I would like this thread to be a documentary of sorts of my back ribbon eel trials, tribulations, and hopefully LONG TERM successes.

As a bit of a preface, I am well aware these creatures are hard to keep and are often considered "best left in the ocean" by even advanced aquarists (and I consider myself somewhere between beginner and intermediate). I welcome ALL feedback, unless the only feedback you have to give is something along the lines of "I read these things are impossible to keep. This project is doomed for failure." While I agree everyone may have their opinions, I would like to try and keep opinions out of this thread. I KNOW this is hard, since a lot of what we discuss here is partially weighed in by opinion, but please let this be more of a learning experience. Also, please realize that at one point everything was impossible until someone took the time to perfect it and become successful at it. I am not saying that person is me, but hey, it could be! That said, let's move right along!

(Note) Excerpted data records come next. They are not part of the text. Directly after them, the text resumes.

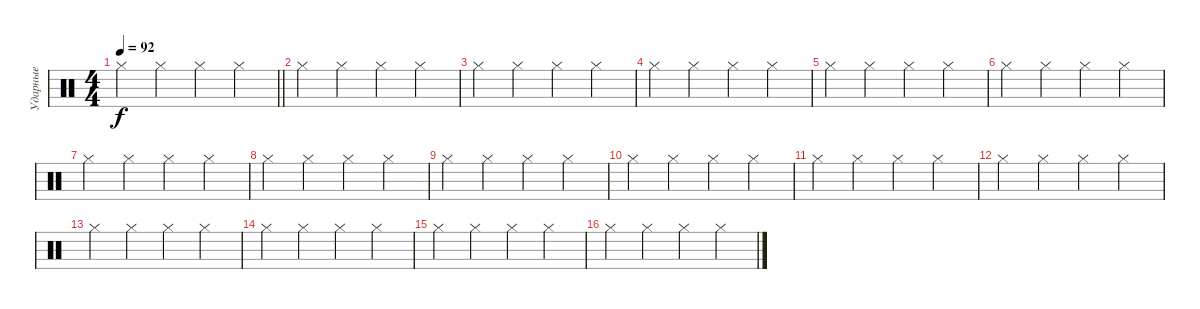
\track ("Ударные" "Ударные") {instrument percussion}
\staff {score}
\articulation defaults
\ts (4 4)
\tempo 92
\clef neutral
\barLineRight lightlight
\ks c "Hi-Hat (closed)".4{dy f} "Hi-Hat (closed)".4 "Hi-Hat (closed)".4 "Hi-Hat (closed)".4
|
"Hi-Hat (closed)".4 "Hi-Hat (closed)".4 "Hi-Hat (closed)".4 "Hi-Hat (closed)".4 |
"Hi-Hat (closed)".4 "Hi-Hat (closed)".4 "Hi-Hat (closed)".4 "Hi-Hat (closed)".4 |
"Hi-Hat (closed)".4 "Hi-Hat (closed)".4 "Hi-Hat (closed)".4 "Hi-Hat (closed)".4 |
"Hi-Hat (closed)".4 "Hi-Hat (closed)".4 "Hi-Hat (closed)".4 "Hi-Hat (closed)".4 |
"Hi-Hat (closed)".4 "Hi-Hat (closed)".4 "Hi-Hat (closed)".4 "Hi-Hat (closed)".4 |
"Hi-Hat (closed)".4 "Hi-Hat (closed)".4 "Hi-Hat (closed)".4 "Hi-Hat (closed)".4 |
"Hi-Hat (closed)".4 "Hi-Hat (closed)".4 "Hi-Hat (closed)".4 "Hi-Hat (closed)".4 |
"Hi-Hat (closed)".4 "Hi-Hat (closed)".4 "Hi-Hat (closed)".4 "Hi-Hat (closed)".4 |
"Hi-Hat (closed)".4 "Hi-Hat (closed)".4 "Hi-Hat (closed)".4 "Hi-Hat (closed)".4 |
"Hi-Hat (closed)".4 "Hi-Hat (closed)".4 "Hi-Hat (closed)".4 "Hi-Hat (closed)".4 |
"Hi-Hat (closed)".4 "Hi-Hat (closed)".4 "Hi-Hat (closed)".4 "Hi-Hat (closed)".4 |
"Hi-Hat (closed)".4 "Hi-Hat (closed)".4 "Hi-Hat (closed)".4 "Hi-Hat (closed)".4 |
"Hi-Hat (closed)".4 "Hi-Hat (closed)".4 "Hi-Hat (closed)".4 "Hi-Hat (closed)".4 |
"Hi-Hat (closed)".4 "Hi-Hat (closed)".4 "Hi-Hat (closed)".4 "Hi-Hat (closed)".4 |
"Hi-Hat (closed)".4 "Hi-Hat (closed)".4 "Hi-Hat (closed)".4 "Hi-Hat (closed)".4

I got a juevenile pair of these eels (for now I will abstain from mentioning where, since my goal is not to have a rash of people buying up these creatures thinking they will be an easy addition, because THEY ARE NOT) about seven weeks ago. They both shipped phenomenally well (came to me in 2 bags with around 1-1.5 liters of water a piece). They were acclimated first completely for temperature (~ 2 hours) then on a ~ 4 hour drip. This may have been overkill, but the water they shipped in looked/smelled clean and tested 0 ammonia, so I didn't feel too nervous about letting them stay in that water a little while longer. Upon acclimation, they were released into my 150g tank with around 225 pounds of rock (80% of which was man made and seeded with live sand and rock). The man made rock has plenty of "tunnels" and flat nooks, under which they can hide and feel comfortable. They have both taken residence on the bottom left of the rock work. Although I toyed with a PVC structure, they were able to fully hide themselves in the rock, and seem very comfortable where they are, so I figured I would avoid the potential extreme dead spots of a buried PVC structure. With all that out of the way, the easy part was over!

I went to the local Asian market with pie in the sky dreams of buying the uncooked seafood medley (shrimp, squid, clams, octopus, mussels) and trying to feed bits of that to the eels. I simply thawed chunks out and tossed them in. I figured I may as well give it a shot, right? I think we know how the eels felt about this, so I won't even go there. The hermits and snails cleaned up the mess, so at least I didn't need to go fishing.

From there, I tried a similar technique, but used a bamboo skewer to place the meaty bites in from of the eel and wiggled them about. While they do "check out" what the hell I was doing, they didn't really show any feeding response, and actually got a little annoyed with me and retreated into their homes after a few minutes of my harassment. I tried the same thing with some thawed silversides to no avail. This is the point at which I began to worry. I had a sinking feeling in my gut that everything I had read about these guys was true... that they wouldn't eat and they would be dead within the week. Why on earth did I think I would be the guy to have success where the fast majority of others simply failed?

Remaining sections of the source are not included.